### INPUT RECORDS:
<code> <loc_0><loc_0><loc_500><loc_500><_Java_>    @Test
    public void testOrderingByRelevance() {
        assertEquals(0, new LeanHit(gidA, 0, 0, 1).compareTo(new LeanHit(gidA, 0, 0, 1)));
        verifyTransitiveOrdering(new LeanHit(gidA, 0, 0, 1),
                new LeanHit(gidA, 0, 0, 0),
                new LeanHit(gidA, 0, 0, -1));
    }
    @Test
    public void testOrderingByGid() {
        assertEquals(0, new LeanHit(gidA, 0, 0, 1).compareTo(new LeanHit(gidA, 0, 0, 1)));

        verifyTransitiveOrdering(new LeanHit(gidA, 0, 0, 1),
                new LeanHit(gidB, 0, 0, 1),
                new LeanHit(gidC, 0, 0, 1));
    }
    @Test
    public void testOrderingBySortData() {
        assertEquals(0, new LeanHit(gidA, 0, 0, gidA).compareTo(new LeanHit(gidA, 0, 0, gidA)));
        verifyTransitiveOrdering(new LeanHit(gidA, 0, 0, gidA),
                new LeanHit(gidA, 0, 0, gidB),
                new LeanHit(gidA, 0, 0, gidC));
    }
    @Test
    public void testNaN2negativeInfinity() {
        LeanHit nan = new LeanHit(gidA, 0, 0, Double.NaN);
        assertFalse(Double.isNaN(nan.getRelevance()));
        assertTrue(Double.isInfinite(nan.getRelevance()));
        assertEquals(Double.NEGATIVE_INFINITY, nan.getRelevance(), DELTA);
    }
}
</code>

...

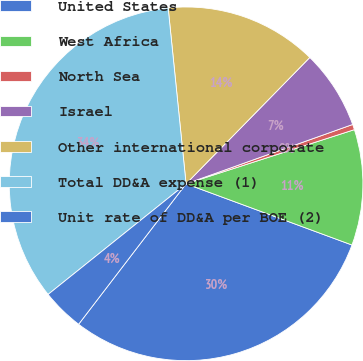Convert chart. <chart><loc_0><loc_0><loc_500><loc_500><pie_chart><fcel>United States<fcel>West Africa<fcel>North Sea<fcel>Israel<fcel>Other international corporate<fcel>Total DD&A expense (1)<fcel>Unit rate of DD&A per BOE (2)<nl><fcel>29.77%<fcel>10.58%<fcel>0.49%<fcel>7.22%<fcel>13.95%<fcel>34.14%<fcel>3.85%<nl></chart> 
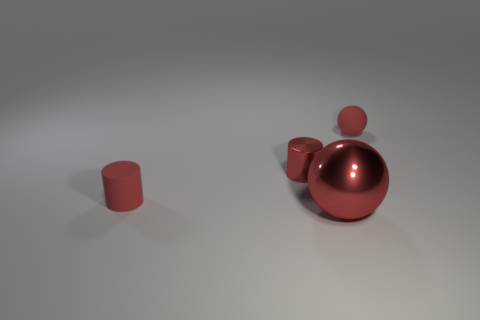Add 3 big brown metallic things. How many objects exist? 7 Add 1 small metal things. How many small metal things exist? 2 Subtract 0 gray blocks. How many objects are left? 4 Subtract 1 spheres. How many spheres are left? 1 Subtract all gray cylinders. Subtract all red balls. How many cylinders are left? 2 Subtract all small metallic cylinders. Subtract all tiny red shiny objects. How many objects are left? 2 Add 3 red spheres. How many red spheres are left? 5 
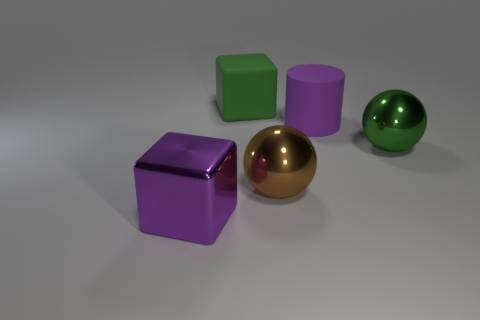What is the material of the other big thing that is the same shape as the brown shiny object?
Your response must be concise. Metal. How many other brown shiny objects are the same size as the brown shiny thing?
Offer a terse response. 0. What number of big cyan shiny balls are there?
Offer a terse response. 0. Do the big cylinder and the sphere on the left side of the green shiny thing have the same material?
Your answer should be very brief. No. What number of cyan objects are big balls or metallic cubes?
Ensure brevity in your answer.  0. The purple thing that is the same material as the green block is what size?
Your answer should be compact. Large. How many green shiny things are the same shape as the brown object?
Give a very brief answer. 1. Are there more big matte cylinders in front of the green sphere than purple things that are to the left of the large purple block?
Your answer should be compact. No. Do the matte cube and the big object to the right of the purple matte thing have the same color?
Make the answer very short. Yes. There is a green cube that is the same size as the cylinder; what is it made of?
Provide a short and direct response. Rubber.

### AIM OF THE EXERCISE:
Beginning with the line containing "Offer a terse response. 0. Do" and ending with the line containing "Give a very", extract those lines exactly from the listing above, and only those.

### RESULT OF THIS TASK:
Offer a terse response. 0. Do the big cylinder and the sphere on the left side of the green shiny thing have the same material?
Your answer should be very brief. No. What number of cyan objects are big balls or metallic cubes?
Ensure brevity in your answer.  0. The purple thing that is the same material as the green block is what size?
Your answer should be compact. Large. How many green shiny things are the same shape as the brown object?
Give a very brief answer. 1. Are there more big matte cylinders in front of the green sphere than purple things that are to the left of the large purple block?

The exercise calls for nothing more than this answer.